Backup with Rclone and Cron from your Synology NAS

The Synology NAS DiskStation provides a wide variety of tools in its package center. These tools are useful but can sometimes be restrictive. Luckily, the Synology NAS DiskStation is highly configurable! Let’s see how you can backup data using Rclone from your Synology NAS with an automatic Cron script.

We will do this by using SSH on the Synology NAS to install Rclone. We will then configure our Synology NAS to run a Cron job (or a task using a user-defined script).

Task scheduler to run automatic Cron jobs

Background

The 3-2-1 backup rule is a revered and time-honored backup strategy. It states that you must at all times have three copies of your data (including prod). You must use at least two different media types, such as SSD and S3. And, you must keep one copy of your data offsite.

As such, depending on your need, you can use Rclone to backup data from a variety of data sources and store the data on your local Synology NAS.

For example –

NextCloud, an open-source Cloud-based file storage solution, can store files in an S3 bucket. It does this by using a URN:OID naming convention. Also, some backup apps on the Synology NAS prefer a more traditional file name and extension format. As a result, due to the restriction of file inclusion and exclusion patterns, you cannot use the Synology NAS apps to download the NextCloud.

URN:OID files stored in a S3 bucket.
Want to know more about NextCloud? Then read: How to install NextCloud using Wasabi S3 as primary storage.

What is Synology NAS DiskStation

The Synology NAS DiskStation is a storage server designed to help you manage your digital assets across your home and office. It uses an intuitive web-based operating system, automatically implements RAID, does disk health checks, and automatically recovers from a disaster.

What is Rclone

Rclone is a command-line program to manage files on Cloud storage. It is feature-rich and supports over 40 cloud storage products, including S3 object stores, business & consumer file storage services, and standard transfer protocols like FTP.

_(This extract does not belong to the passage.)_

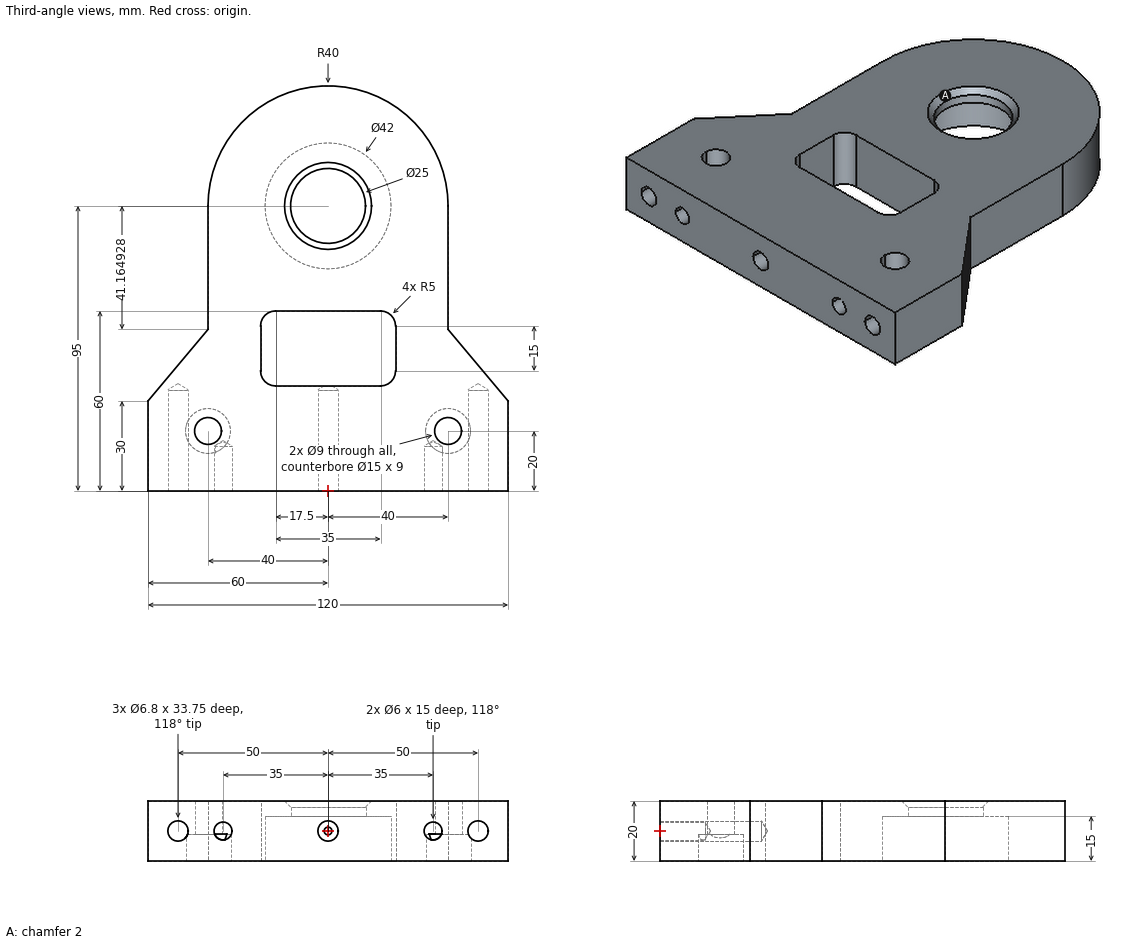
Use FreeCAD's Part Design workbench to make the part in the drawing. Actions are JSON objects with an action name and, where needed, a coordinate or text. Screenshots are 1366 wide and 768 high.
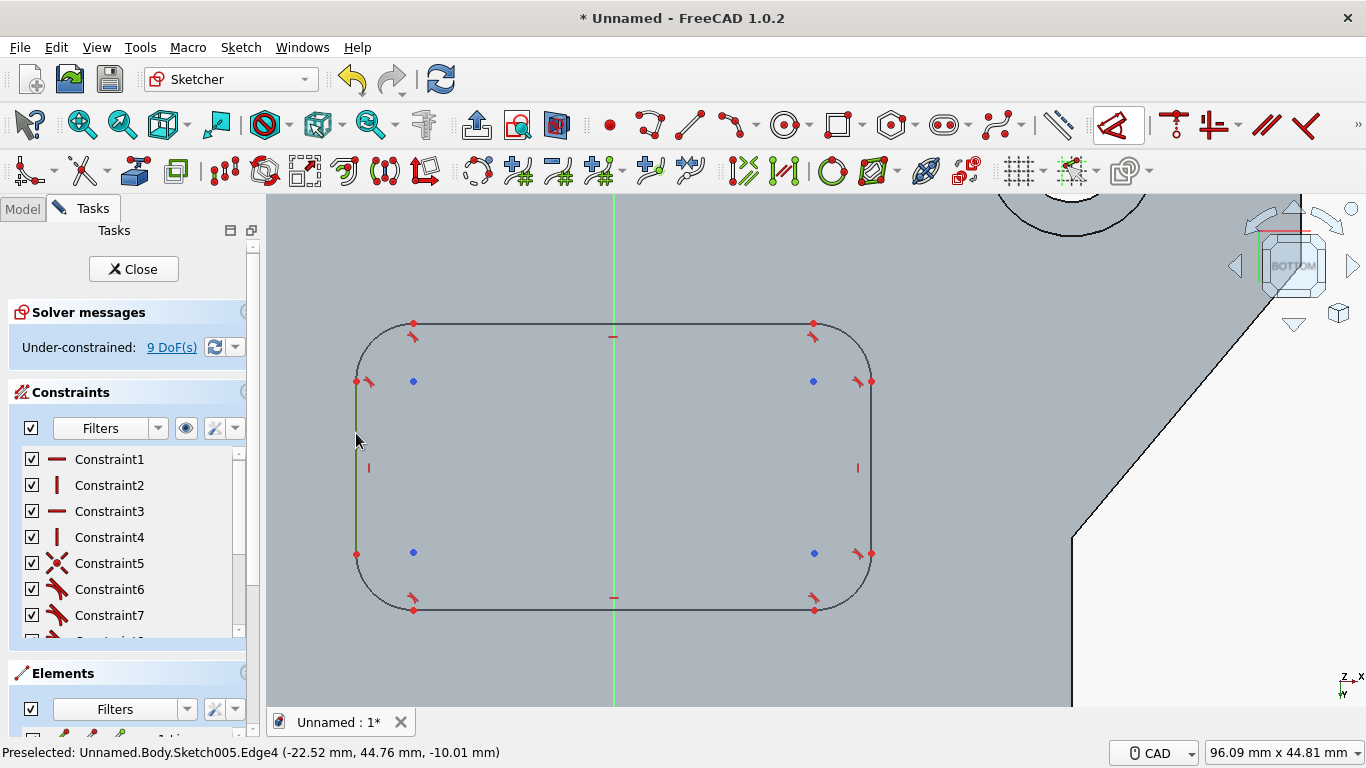
{"action": "left_click", "coordinate": [363, 580]}

Users call Rclone “The Swiss army knife of cloud storage”, and “Technology indistinguishable from magic”.

What are Cron jobs/user-defined scripts

As per Wikipedia: The software utility cron, also known as a cron job, is a time-based job scheduler in Unix-like computer operating systems. Users who set up and maintain software environments use cron to schedule jobs to run periodically at fixed times, dates, or intervals.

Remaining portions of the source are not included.